Published in final edited form as: J Clin Psychol Med Settings. 2013 Mar;20(1):33–36. doi: 10.1007/s10880-012-9317-0

Recruiting Young Adult Cancer Survivors for Behavioral Research

Carolyn Rabin 1,, Santina Horowitz 2, Bess Marcus 3
PMCID: PMC3541434  NIHMSID: NIHMS410393  PMID: 22810954

Abstract

Young adults have been dramatically underrepresented in cancer survivorship research. One contributing factor is the difficulty recruiting this population. To identify effective recruitment strategies, the current study assessed the yield of strategies used to recruit young survivors for an exercise intervention including: clinic-based recruitment, recruitment at cancer-related events, mailings, telephone-based recruitment, advertising on the internet, radio, television and social networking media, distributing brochures and word-of-mouth referrals. When taking into account the strategies for which we could track the number of survivors approached, recruitment at an oncology clinic was the most productive: 38 % of those approached were screened and 8 % enrolled. When evaluating which strategy yielded the greatest percentage of the sample, however, mailings were the most productive. Given widespread use of the internet and social networking by young adults, investigators should also consider these low-cost recruitment strategies.
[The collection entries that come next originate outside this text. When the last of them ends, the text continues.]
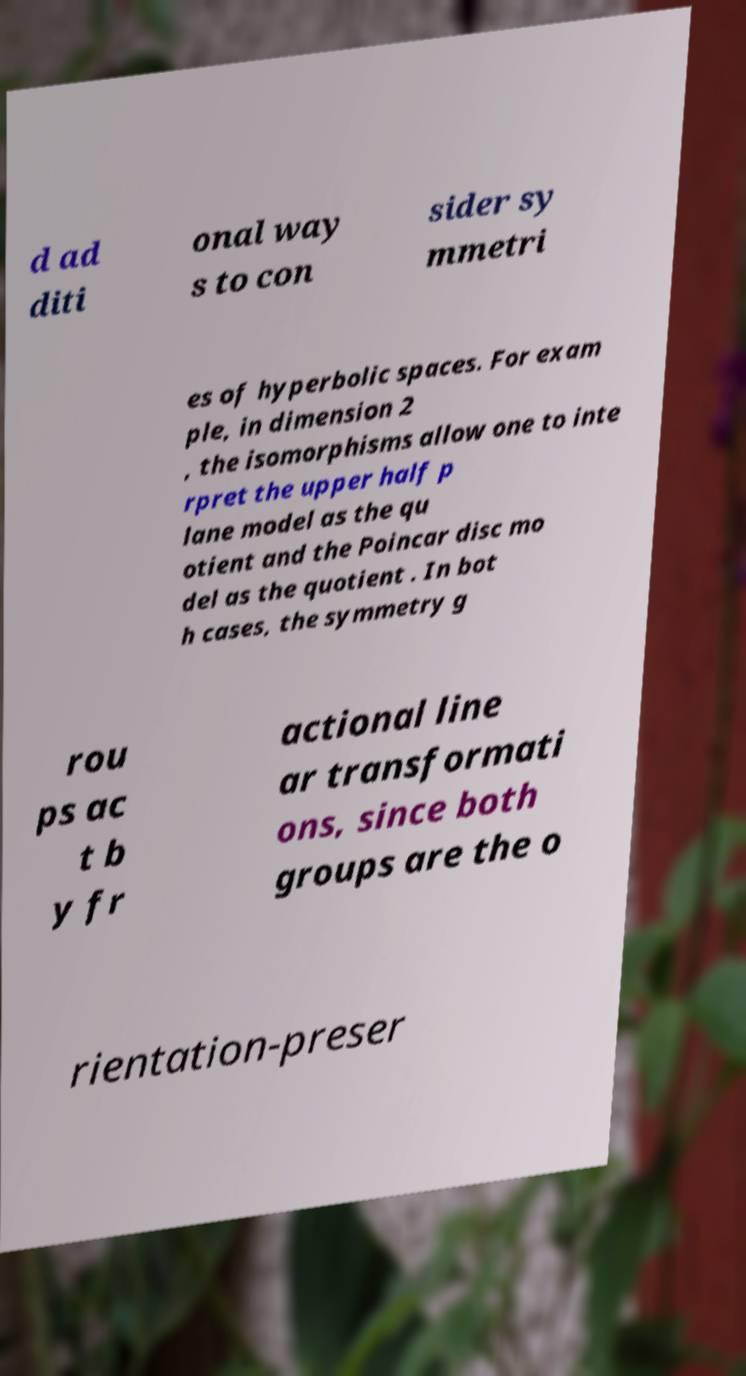Please identify and transcribe the text found in this image. d ad diti onal way s to con sider sy mmetri es of hyperbolic spaces. For exam ple, in dimension 2 , the isomorphisms allow one to inte rpret the upper half p lane model as the qu otient and the Poincar disc mo del as the quotient . In bot h cases, the symmetry g rou ps ac t b y fr actional line ar transformati ons, since both groups are the o rientation-preser 
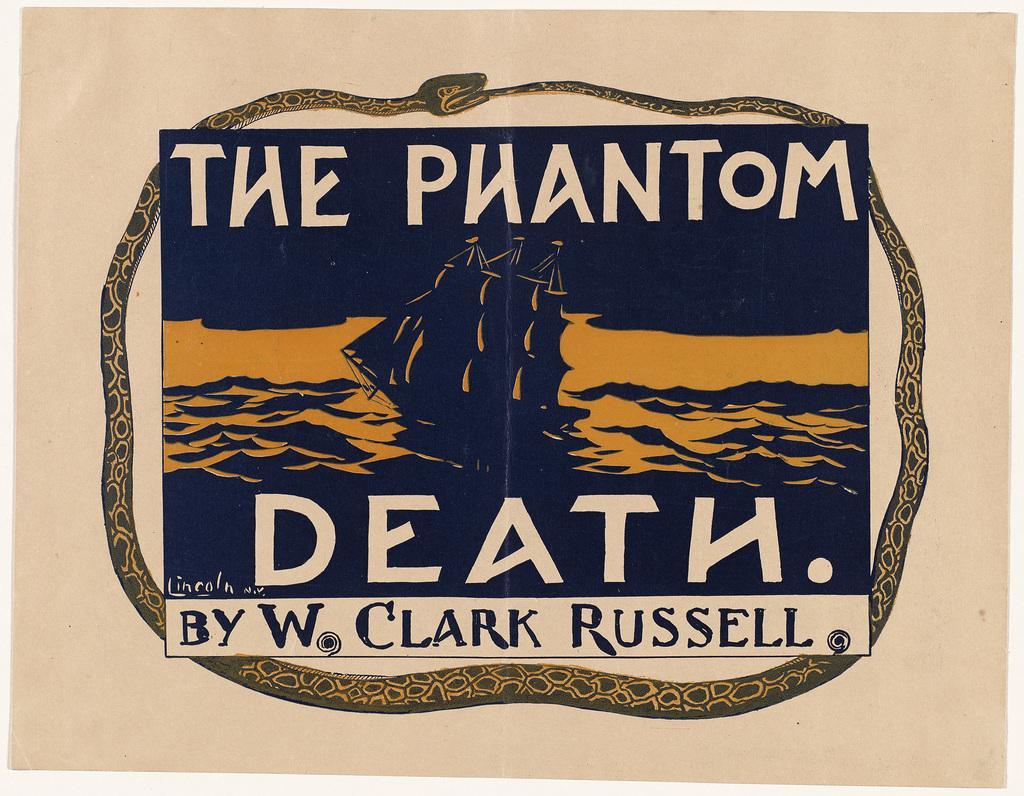How would you summarize this image in a sentence or two? In this image we can see a paper with picture and text on its top and bottom. 
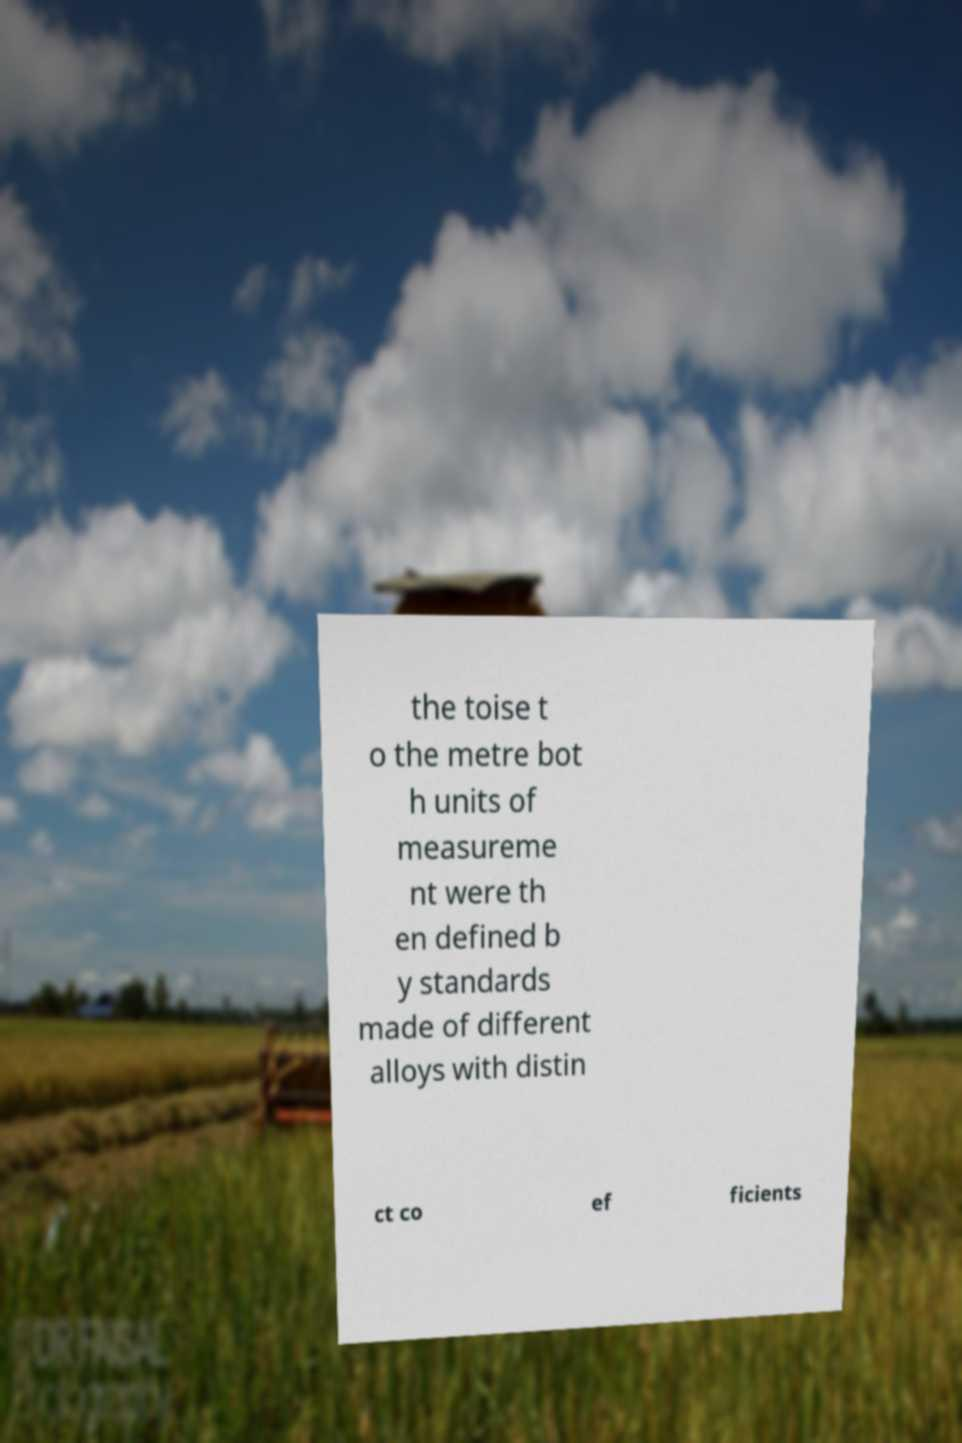There's text embedded in this image that I need extracted. Can you transcribe it verbatim? the toise t o the metre bot h units of measureme nt were th en defined b y standards made of different alloys with distin ct co ef ficients 
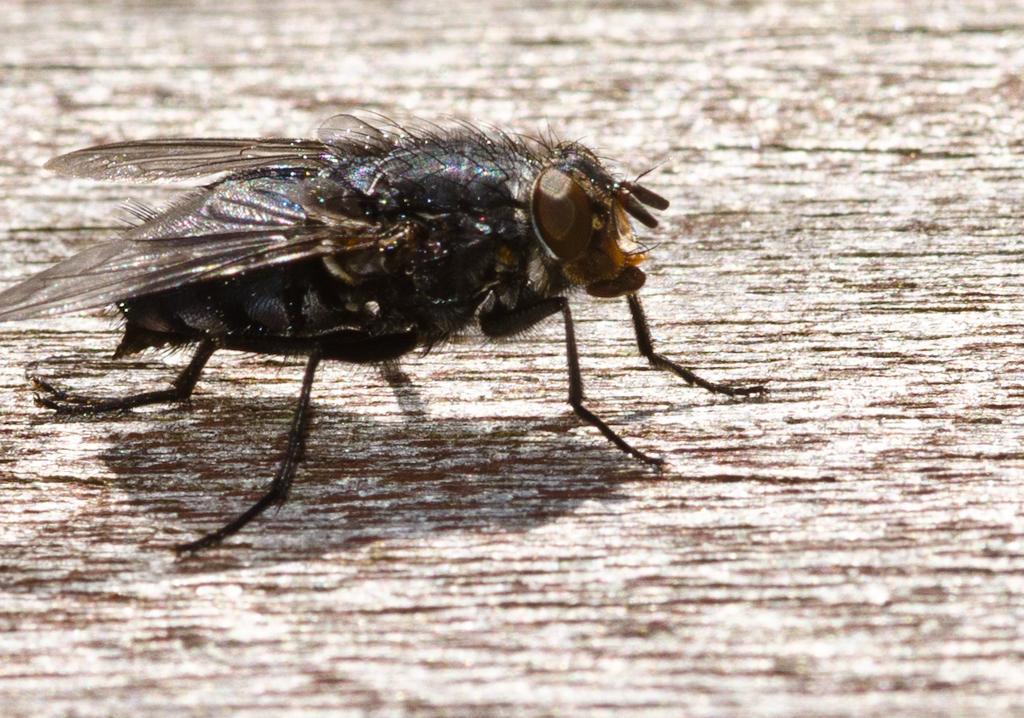How would you summarize this image in a sentence or two? In this image we can see an insect sitting on the wooden surface. 
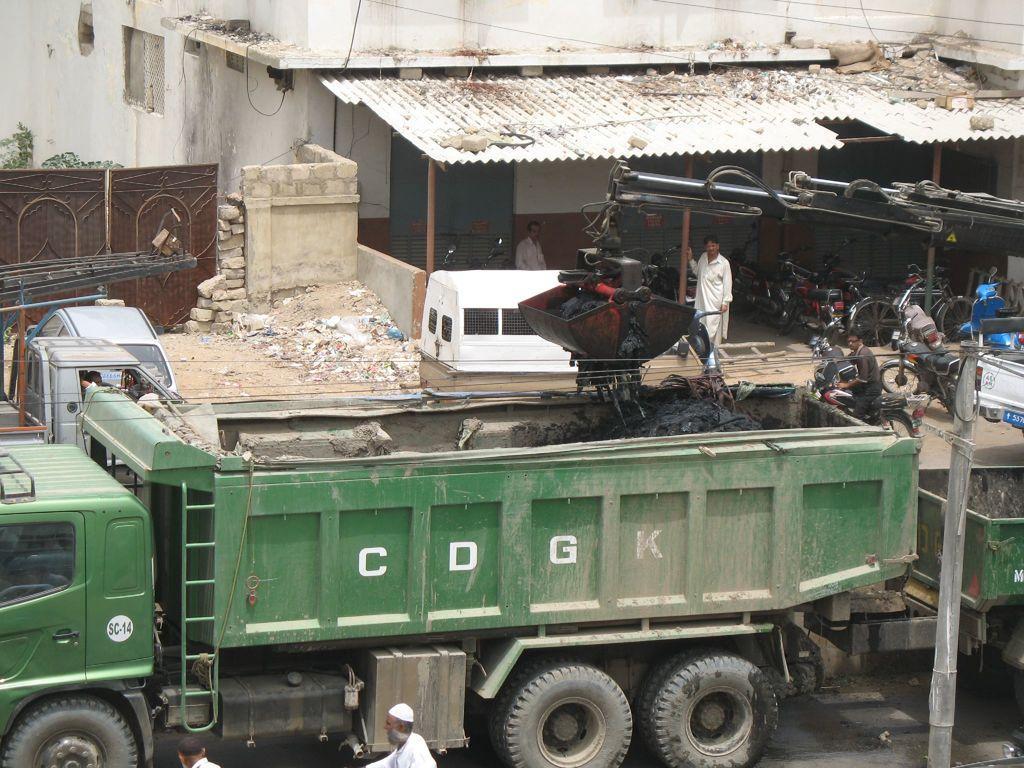In one or two sentences, can you explain what this image depicts? In this image we can see vehicles. Also there is a buildings with pillars and shutters. And we can see bucket of a crane with handle. Also there are motorcycles near to the building. And there are stones. 
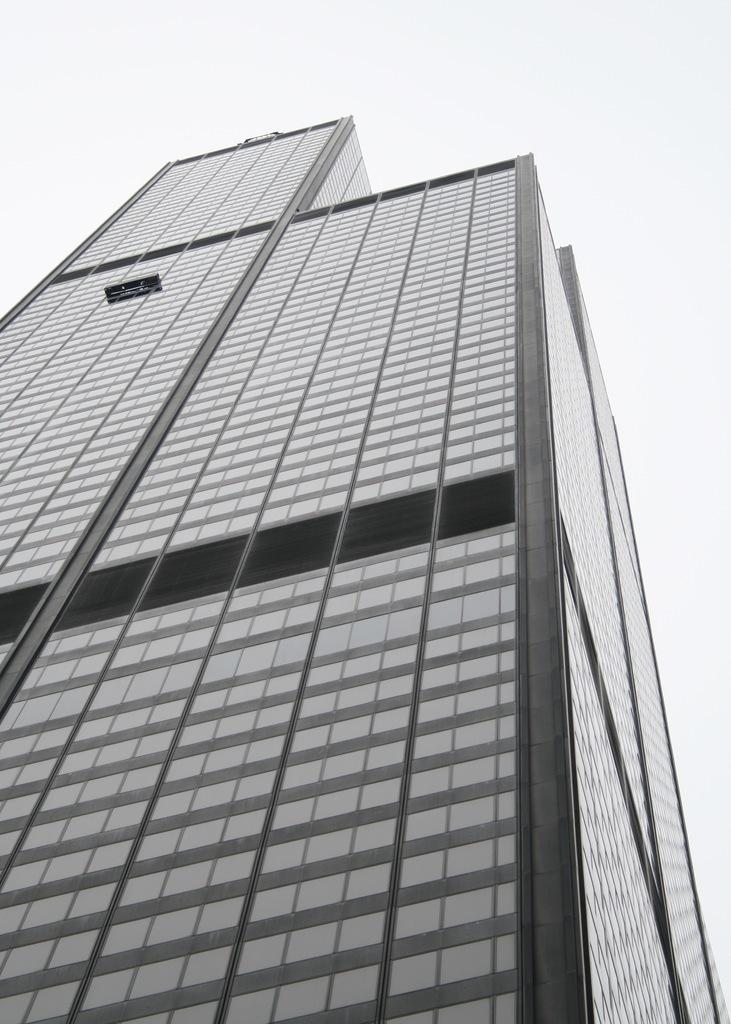Where was the image likely taken from? The image was likely taken from outside of a building. What can be seen in the image? There is a building in the image. What color is visible in the background of the image? There is a white color visible in the background of the image. How many apples are on the wooden table in the image? There are no apples or wooden table present in the image.

Keywords: Young adult, Cancer survivors, Recruitment, Internet


Until recently, young adult cancer survivors—those in their late teens, twenties and thirties—were largely overlooked in clinical settings and rarely the focus of biomedical or psychosocial research. This is unfortunate as approximately 70,000 individuals in their twenties and thirties are diagnosed with cancer each year and these young adults face significant medical and psychosocial challenges (Bleyer, 2006). Many face an increased risk for cardiovascular disease, second cancers, and emotional distress (Burgess et al., 2005; Hewitt & Rowland, 2002; Huddart et al., 2003; Hull, Morris, Pepine, & Mendenhall, 2003; Shapiro & Recht, 2001; Travis et al., 2005). Although they would clearly benefit from research to address their specific medical and psychosocial needs, young adult cancer survivors are dramatically underrepresented in clinical trials and other cancer-related research (Adolescent and Young Adult Oncology Progress Review Group, 2006).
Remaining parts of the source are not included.